-- RECORDS SUPPLIED follows --

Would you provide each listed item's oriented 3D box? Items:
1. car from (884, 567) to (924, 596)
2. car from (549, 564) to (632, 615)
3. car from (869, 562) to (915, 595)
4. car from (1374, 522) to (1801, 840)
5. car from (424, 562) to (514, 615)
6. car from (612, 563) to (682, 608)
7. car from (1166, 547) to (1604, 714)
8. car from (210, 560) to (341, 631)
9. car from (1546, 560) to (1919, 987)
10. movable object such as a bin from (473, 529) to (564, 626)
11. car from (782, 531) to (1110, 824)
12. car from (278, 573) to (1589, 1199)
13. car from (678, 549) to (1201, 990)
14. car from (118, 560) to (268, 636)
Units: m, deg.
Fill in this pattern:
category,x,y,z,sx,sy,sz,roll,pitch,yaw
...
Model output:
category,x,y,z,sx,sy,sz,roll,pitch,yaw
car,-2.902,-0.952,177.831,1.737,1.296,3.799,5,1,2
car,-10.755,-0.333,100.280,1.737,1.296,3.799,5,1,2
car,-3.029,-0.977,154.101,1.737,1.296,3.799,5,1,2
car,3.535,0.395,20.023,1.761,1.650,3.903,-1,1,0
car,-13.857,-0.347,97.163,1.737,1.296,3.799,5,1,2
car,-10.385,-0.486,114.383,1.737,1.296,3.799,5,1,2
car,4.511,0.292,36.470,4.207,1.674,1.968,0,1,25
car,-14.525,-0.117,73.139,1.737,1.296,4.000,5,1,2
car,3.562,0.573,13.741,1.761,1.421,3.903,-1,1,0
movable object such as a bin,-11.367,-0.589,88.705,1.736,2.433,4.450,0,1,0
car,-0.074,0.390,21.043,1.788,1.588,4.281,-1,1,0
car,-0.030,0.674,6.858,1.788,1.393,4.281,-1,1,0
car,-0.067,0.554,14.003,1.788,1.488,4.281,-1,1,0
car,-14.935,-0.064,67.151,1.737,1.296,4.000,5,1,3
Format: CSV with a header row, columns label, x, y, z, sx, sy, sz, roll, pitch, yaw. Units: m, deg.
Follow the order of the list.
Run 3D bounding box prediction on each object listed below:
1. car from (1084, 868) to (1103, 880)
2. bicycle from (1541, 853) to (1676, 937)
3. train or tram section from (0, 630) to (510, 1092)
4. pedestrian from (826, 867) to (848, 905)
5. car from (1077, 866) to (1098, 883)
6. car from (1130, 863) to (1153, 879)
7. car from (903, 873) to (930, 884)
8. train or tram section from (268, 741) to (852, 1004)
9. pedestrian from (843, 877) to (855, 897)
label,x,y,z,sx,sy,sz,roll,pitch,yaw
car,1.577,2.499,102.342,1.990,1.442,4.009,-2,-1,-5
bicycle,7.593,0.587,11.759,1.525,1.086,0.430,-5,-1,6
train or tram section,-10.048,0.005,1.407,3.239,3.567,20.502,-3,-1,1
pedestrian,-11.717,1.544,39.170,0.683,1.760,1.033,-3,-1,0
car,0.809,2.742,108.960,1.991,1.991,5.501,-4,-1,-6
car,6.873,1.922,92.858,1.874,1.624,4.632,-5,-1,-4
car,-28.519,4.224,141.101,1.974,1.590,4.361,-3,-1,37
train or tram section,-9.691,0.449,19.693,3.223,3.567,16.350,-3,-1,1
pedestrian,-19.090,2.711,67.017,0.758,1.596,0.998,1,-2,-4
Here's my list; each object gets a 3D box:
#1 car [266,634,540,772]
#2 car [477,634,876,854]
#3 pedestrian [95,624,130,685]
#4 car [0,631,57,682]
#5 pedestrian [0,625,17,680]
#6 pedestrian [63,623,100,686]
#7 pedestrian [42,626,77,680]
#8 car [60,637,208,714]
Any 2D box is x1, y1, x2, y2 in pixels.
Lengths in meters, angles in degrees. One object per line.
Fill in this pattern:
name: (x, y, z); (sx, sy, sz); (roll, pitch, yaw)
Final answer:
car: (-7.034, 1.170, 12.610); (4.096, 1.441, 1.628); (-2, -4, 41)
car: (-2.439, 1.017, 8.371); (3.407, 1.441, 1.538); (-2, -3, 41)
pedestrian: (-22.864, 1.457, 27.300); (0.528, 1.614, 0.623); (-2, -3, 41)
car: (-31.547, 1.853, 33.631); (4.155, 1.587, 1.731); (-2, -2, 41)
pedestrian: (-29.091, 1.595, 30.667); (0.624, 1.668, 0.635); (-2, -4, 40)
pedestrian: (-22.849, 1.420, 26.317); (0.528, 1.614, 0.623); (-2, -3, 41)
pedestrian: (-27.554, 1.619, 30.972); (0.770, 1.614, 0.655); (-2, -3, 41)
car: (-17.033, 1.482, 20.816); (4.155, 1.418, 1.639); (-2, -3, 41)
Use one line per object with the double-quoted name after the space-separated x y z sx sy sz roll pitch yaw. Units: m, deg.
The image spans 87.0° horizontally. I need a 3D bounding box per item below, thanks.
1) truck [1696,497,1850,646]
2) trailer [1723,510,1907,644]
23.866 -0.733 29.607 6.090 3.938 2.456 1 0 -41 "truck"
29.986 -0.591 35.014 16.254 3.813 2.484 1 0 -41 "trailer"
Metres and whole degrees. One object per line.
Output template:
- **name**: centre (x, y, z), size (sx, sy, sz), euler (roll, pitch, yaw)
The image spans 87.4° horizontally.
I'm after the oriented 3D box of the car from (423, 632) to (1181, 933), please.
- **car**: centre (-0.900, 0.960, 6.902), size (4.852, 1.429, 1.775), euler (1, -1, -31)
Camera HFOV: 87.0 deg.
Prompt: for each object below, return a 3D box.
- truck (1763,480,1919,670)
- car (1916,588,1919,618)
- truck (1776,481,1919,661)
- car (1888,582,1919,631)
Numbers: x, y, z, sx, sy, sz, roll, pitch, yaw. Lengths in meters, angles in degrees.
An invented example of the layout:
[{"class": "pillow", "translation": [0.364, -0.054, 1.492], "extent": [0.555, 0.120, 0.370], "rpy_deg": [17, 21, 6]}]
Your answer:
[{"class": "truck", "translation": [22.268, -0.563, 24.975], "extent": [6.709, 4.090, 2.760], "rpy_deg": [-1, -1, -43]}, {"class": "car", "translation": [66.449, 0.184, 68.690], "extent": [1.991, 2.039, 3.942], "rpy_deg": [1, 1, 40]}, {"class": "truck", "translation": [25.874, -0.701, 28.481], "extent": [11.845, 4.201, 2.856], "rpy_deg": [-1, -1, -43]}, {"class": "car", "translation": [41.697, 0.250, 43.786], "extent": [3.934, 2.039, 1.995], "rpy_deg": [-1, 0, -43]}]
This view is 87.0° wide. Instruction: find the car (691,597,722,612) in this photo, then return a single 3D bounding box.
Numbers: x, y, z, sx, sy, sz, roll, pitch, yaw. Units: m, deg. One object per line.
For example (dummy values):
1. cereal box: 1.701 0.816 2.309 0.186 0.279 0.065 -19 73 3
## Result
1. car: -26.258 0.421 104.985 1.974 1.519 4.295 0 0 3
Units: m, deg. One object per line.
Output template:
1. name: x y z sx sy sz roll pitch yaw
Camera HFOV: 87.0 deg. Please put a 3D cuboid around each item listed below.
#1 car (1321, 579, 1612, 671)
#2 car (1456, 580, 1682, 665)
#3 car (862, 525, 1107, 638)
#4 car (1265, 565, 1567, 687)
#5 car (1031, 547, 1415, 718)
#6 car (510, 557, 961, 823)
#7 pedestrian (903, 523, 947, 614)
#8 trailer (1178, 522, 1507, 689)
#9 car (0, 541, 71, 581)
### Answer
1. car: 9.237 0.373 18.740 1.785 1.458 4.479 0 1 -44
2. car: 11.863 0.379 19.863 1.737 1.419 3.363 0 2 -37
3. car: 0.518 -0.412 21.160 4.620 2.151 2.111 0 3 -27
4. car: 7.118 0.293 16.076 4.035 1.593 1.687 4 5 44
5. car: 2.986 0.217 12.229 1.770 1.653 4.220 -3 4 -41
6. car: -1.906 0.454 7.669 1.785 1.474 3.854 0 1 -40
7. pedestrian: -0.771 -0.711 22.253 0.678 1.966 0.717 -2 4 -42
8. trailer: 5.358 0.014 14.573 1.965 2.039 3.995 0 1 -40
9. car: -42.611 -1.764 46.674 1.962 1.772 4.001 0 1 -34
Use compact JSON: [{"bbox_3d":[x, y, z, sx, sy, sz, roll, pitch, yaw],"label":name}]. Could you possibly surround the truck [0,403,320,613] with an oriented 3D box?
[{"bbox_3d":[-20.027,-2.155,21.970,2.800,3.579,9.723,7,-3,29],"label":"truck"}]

-- RECORDS SUPPLIED concluded --

◆ **TASK REQUIREMENTS**
Write out the lines of the listing from the one with "#8 trailer (1178, 522, 1507, 689)" to the very end, inclusive, exactly as they appear and with nothing added.

◆ **ANSWER AREA**
#8 trailer (1178, 522, 1507, 689)
#9 car (0, 541, 71, 581)
### Answer
1. car: 9.237 0.373 18.740 1.785 1.458 4.479 0 1 -44
2. car: 11.863 0.379 19.863 1.737 1.419 3.363 0 2 -37
3. car: 0.518 -0.412 21.160 4.620 2.151 2.111 0 3 -27
4. car: 7.118 0.293 16.076 4.035 1.593 1.687 4 5 44
5. car: 2.986 0.217 12.229 1.770 1.653 4.220 -3 4 -41
6. car: -1.906 0.454 7.669 1.785 1.474 3.854 0 1 -40
7. pedestrian: -0.771 -0.711 22.253 0.678 1.966 0.717 -2 4 -42
8. trailer: 5.358 0.014 14.573 1.965 2.039 3.995 0 1 -40
9. car: -42.611 -1.764 46.674 1.962 1.772 4.001 0 1 -34
Use compact JSON: [{"bbox_3d":[x, y, z, sx, sy, sz, roll, pitch, yaw],"label":name}]. Could you possibly surround the truck [0,403,320,613] with an oriented 3D box?
[{"bbox_3d":[-20.027,-2.155,21.970,2.800,3.579,9.723,7,-3,29],"label":"truck"}]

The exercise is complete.